The bob of a simple pendulum having length ' \(\ell\) ' is displaced from its equilibrium position by an angle of \(\theta\) and released. If the velocity of the bob, while passing through its equilibrium position is \(\mathrm{v}\), then \(\mathrm{v}=\ldots \ldots \ldots\) (A) \(\sqrt{\\{2 g \ell(1-\cos \theta)\\}}\) (B) \(\sqrt{\\{2 g \ell(1+\sin \theta)\\}}\) (C) \(\sqrt{\\{2 g \ell(1-\sin \theta)\\}}\) (D) \(\sqrt{\\{2 g \ell(1+\cos \theta)\\}}\)

Short answer

The short answer is: \(v = \sqrt{2gl(1-\cos \theta)}\).

Step-by-step solution

STEP 1: Identify the initial and final points

In this situation, we will consider two points: - Initial point: when the pendulum is released from an angle of θ with respect to vertical. - Final point: when the pendulum passes through its equilibrium position (vertical).

STEP 2: Calculate the initial potential and kinetic energy

Initially, the bob is at an angle θ and at rest (with an initial velocity of 0).
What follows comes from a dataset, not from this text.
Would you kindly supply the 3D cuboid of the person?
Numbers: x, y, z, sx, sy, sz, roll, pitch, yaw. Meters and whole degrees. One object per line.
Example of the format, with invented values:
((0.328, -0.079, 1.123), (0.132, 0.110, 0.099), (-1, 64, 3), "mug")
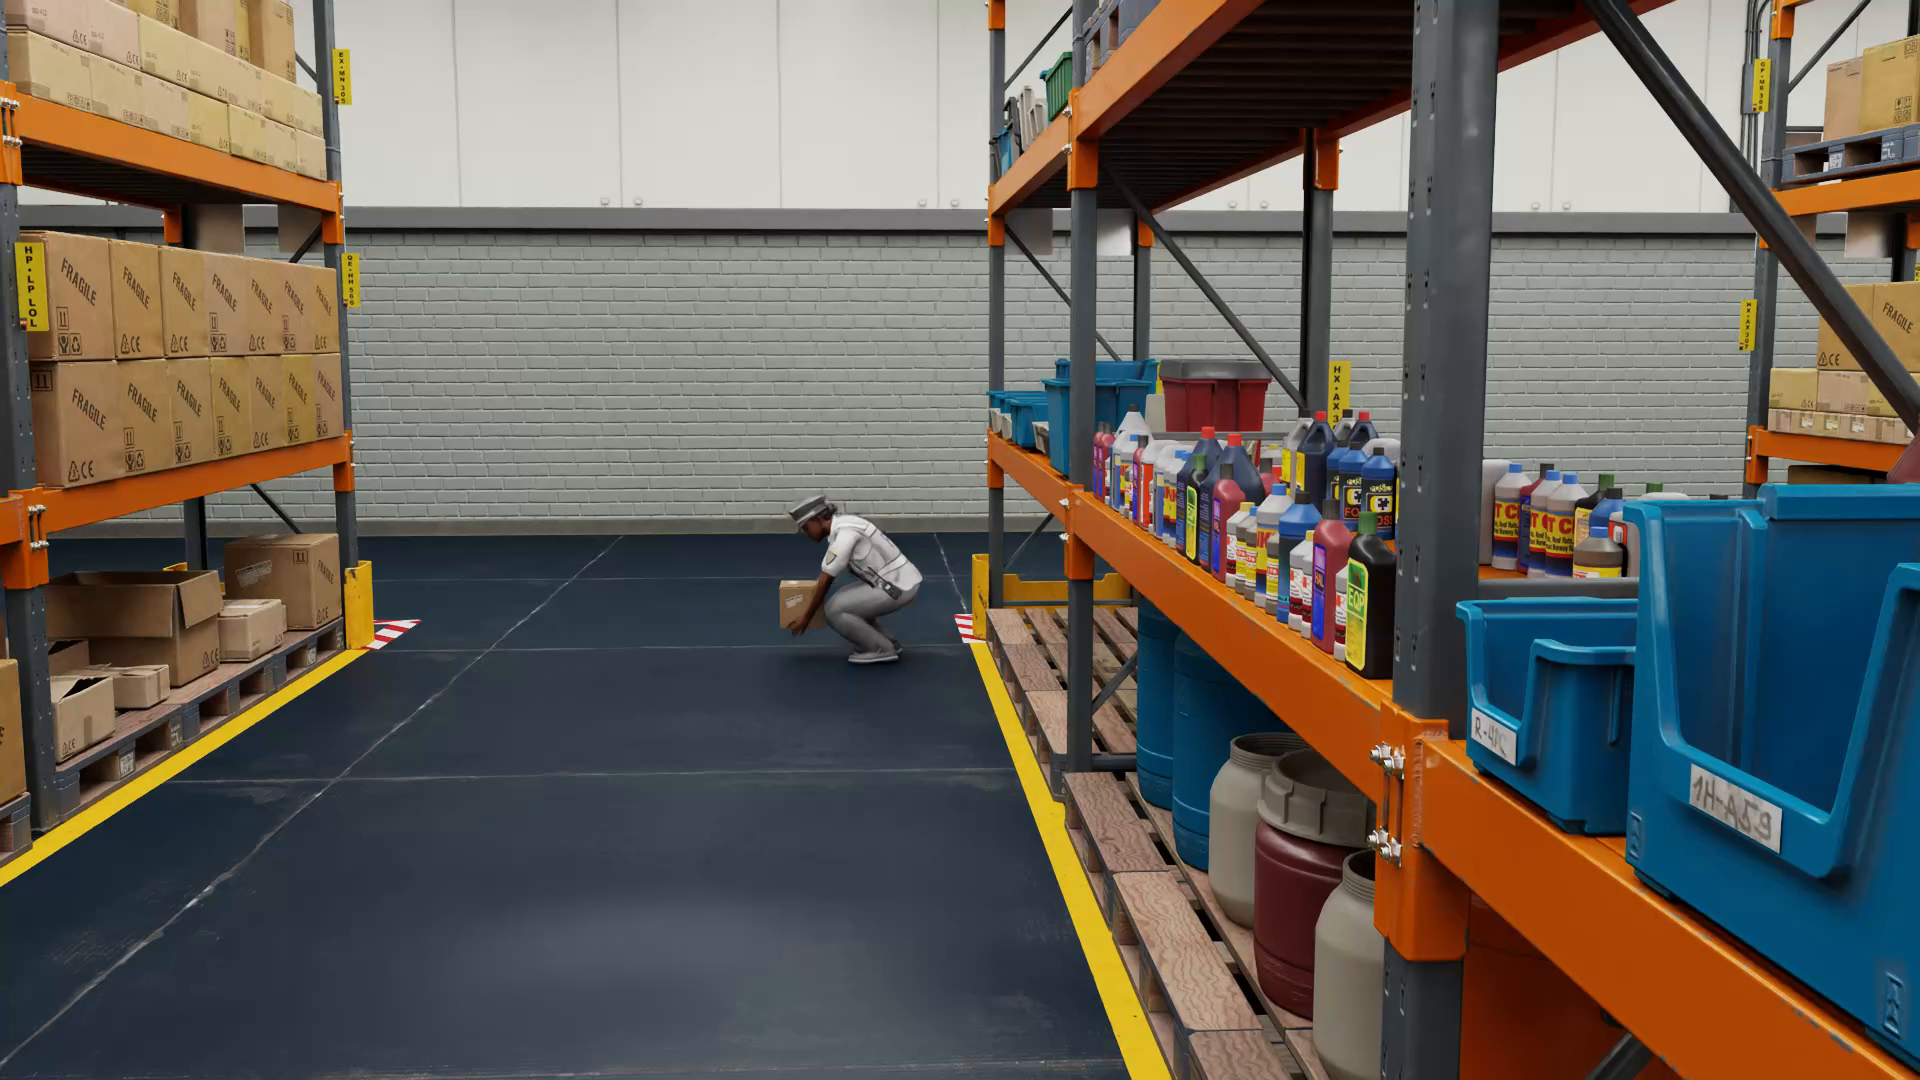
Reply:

So, the initial kinetic energy is zero. We need to find the initial potential energy. As the bob is raised by a vertical height of \((l-l\cos \theta)\), the initial potential energy is: \[PE_{i}=mgh=mgl(1-\cos \theta)\]

STEP 3: Calculate the final potential and kinetic energy

As the pendulum passes through its equilibrium position, its gravitational potential energy becomes zero. We need to find the final kinetic energy, which is given by: \[ KE_{f} = \frac{1}{2}mv^2\]

STEP 4: Use the conservation of energy principle

According to the conservation of mechanical energy: \[ PE_{i} + KE_{i} = PE_{f} + KE_{f}\] Since \(PE_{i} = mgl(1-\cos \theta)\), \(KE_{i} = 0\), \(PE_{f} = 0\), and \(KE_{f} = \frac{1}{2}mv^2\), the equation becomes: \[mgl(1-\cos \theta) = \frac{1}{2}mv^2\]

STEP 5: Solve the equation and find the velocity

Now, we need to solve the equation for the velocity 'v': \[v^2 = 2gl(1-\cos \theta)\] Taking the square root of both sides, we get: \[v = \sqrt{2gl(1-\cos \theta)}\] Comparing the expression for velocity with the given options, we can conclude that the correct answer is: (A) \(v = \sqrt{\\{2 g \ell(1-\cos \theta)\\}}\)